Cet enfer(mement) sur Terre s’ajoute, observe encore notre auteur, « au “politiquement correct”, qui cherche à normer l’opinion par l’emploi de mots imposés à tous, à la “pensée unique”, qui tend à remplacer le débat par le sermon, à l’hygiénisme envahissant, qui vise à réglementer les usages au nom du bien, à la réglementation des préférences et des dilections, qui va directement à l’encontre de la liberté d’expression ». L’Inquisition est de retour, dans sa version laïque. La Terreur également, en avatar de sa sanglante devancière de 1793. Savonarole convole avec Anastasie quand Tartuffe apparaît plus faux dévot que jamais ! Nous demandons Alceste. Qu’on le fasse quérir en son exil ! Il nous manque.
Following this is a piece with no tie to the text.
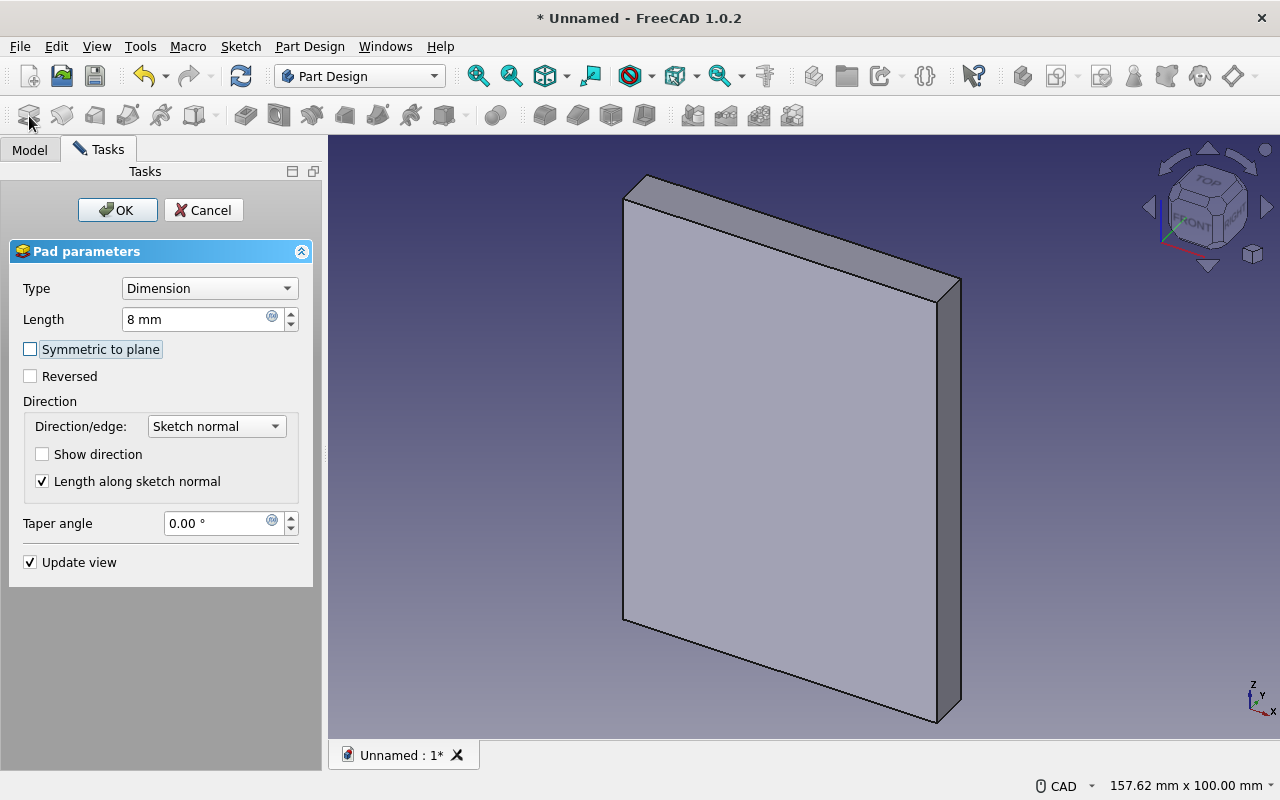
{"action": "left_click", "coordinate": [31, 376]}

Pendant ce temps, l’Histoire ne cesse de bégayer, entre tragédie et farce. Bien sûr, les bonnes âmes assureront, la main sur le cœur, qu’il ne s’agit là que délire de « complotiste », cet anathème-réflexe qui est à la rhétorique ce que l’éloquence est au sourd-muet. La preuve par la « transparence », se récrieront-ils ! Entre « haut-commissariat » et lois éponymes, tout doit transparaître. On liquide le haut et, promis, demain, on enlève le bas ! Pourtant, qui ne voit que la transparence est un alibi du mensonge. Aussi, « il est temps de se souvenir qu’il n’y a rien de plus transparent que le vide », souligne Benoist qui exhorte, en conséquence, à « rester opaque ». Ne soyons pas résignés.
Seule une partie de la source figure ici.